# Exercise description
Return the lines from the start of the data through the line with "Step: compute a". Include both of those lines and no others.

====== Data to use ======

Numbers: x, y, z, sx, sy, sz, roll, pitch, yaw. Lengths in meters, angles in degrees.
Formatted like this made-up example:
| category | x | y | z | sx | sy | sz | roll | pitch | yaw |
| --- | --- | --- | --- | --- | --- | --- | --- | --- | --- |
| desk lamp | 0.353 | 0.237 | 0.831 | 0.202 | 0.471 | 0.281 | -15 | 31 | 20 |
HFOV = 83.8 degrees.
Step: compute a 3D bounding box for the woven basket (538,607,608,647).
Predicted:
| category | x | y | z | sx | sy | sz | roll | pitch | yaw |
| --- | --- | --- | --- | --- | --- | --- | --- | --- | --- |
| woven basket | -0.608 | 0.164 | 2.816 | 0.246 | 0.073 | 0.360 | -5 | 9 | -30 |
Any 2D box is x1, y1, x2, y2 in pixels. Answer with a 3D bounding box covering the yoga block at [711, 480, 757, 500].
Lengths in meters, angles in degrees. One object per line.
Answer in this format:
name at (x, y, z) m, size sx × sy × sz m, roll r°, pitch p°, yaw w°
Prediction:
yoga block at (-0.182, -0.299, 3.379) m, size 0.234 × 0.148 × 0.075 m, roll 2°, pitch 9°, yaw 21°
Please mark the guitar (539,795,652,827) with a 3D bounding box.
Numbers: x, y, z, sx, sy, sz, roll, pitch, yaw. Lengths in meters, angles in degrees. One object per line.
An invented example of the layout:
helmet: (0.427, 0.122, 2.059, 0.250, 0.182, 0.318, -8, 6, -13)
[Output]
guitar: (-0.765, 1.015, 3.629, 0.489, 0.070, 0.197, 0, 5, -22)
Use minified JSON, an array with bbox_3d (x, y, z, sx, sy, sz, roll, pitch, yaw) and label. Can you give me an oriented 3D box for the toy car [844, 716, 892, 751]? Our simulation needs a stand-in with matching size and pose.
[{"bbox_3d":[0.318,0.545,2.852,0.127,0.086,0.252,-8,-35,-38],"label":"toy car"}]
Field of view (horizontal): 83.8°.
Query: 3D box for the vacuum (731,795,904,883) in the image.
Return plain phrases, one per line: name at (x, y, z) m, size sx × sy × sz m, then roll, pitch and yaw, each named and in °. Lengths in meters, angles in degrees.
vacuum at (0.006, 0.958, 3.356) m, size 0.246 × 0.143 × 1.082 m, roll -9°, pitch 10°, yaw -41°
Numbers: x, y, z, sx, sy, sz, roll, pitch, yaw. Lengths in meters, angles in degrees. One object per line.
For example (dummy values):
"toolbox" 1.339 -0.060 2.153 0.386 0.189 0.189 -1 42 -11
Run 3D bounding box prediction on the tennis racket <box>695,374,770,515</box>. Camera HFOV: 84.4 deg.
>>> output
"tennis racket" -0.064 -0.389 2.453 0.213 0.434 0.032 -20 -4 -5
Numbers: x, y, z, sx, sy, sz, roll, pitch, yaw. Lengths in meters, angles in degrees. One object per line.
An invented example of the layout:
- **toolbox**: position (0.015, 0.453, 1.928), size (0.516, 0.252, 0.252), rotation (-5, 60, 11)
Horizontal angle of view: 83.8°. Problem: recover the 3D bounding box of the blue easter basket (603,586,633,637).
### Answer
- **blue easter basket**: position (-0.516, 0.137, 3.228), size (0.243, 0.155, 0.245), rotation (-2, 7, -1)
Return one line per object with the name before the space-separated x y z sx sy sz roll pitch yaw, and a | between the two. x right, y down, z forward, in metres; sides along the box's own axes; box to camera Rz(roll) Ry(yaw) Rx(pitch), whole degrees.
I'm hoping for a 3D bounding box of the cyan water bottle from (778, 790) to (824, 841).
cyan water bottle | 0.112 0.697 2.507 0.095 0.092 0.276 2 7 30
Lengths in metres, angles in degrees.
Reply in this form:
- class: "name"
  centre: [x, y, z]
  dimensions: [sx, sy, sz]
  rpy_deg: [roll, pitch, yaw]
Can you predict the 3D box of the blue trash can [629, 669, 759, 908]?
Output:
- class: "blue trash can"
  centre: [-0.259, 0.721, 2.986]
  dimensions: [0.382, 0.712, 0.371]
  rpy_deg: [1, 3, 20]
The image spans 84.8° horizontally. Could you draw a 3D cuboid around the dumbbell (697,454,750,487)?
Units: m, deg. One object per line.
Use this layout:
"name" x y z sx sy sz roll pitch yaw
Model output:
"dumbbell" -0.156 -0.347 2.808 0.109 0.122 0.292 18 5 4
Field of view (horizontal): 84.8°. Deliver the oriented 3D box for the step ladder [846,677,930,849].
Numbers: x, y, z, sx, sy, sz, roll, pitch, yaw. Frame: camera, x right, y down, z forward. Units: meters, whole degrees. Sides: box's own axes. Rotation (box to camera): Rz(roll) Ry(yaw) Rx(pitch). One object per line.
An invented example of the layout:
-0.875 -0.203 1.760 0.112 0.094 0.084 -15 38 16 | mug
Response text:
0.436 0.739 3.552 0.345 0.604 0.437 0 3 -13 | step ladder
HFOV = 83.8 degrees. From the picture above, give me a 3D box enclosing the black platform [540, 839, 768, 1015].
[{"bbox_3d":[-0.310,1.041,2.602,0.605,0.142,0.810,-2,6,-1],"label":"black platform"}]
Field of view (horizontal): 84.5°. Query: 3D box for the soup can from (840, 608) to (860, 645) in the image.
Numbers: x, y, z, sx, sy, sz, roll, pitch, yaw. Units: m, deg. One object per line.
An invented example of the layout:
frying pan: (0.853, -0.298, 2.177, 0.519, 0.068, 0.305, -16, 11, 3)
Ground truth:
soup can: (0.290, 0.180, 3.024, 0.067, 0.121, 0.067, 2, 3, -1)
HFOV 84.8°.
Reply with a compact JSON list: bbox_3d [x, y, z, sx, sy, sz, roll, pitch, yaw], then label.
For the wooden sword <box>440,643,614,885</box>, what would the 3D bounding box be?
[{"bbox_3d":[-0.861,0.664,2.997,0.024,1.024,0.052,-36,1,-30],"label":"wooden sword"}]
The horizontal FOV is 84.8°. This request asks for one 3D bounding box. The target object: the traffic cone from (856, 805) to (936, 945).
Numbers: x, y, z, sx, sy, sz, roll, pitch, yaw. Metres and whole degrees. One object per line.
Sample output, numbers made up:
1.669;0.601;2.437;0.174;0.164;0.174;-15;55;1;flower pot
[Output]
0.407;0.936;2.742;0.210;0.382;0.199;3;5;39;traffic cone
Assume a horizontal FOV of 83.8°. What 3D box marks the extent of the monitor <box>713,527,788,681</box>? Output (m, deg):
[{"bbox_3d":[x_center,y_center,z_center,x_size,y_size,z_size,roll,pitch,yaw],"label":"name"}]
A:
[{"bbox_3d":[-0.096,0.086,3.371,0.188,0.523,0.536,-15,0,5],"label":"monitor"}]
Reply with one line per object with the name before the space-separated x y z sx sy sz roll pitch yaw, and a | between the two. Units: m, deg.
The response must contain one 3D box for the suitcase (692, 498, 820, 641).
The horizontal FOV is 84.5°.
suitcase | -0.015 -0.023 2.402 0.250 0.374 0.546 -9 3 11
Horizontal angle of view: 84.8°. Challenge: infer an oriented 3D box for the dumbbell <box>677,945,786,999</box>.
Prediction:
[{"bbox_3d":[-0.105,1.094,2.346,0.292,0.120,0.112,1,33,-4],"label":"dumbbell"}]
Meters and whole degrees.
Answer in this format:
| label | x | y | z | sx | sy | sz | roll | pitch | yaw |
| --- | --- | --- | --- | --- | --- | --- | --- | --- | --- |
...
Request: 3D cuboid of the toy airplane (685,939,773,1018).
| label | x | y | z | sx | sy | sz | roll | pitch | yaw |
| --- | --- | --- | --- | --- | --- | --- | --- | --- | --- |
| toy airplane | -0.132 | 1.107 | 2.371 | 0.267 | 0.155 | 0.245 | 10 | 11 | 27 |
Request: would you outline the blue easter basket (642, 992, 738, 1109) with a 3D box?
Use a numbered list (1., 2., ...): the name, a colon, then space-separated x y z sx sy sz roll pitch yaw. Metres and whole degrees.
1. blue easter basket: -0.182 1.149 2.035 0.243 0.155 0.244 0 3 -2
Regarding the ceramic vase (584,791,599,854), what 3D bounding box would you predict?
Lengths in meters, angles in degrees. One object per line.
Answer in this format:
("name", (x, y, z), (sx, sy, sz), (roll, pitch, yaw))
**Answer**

======

# Your solution
Numbers: x, y, z, sx, sy, sz, roll, pitch, yaw. Lengths in meters, angles in degrees.
Formatted like this made-up example:
| category | x | y | z | sx | sy | sz | roll | pitch | yaw |
| --- | --- | --- | --- | --- | --- | --- | --- | --- | --- |
| desk lamp | 0.353 | 0.237 | 0.831 | 0.202 | 0.471 | 0.281 | -15 | 31 | 20 |
HFOV = 83.8 degrees.
Step: compute a 3D bounding box for the woven basket (538,607,608,647).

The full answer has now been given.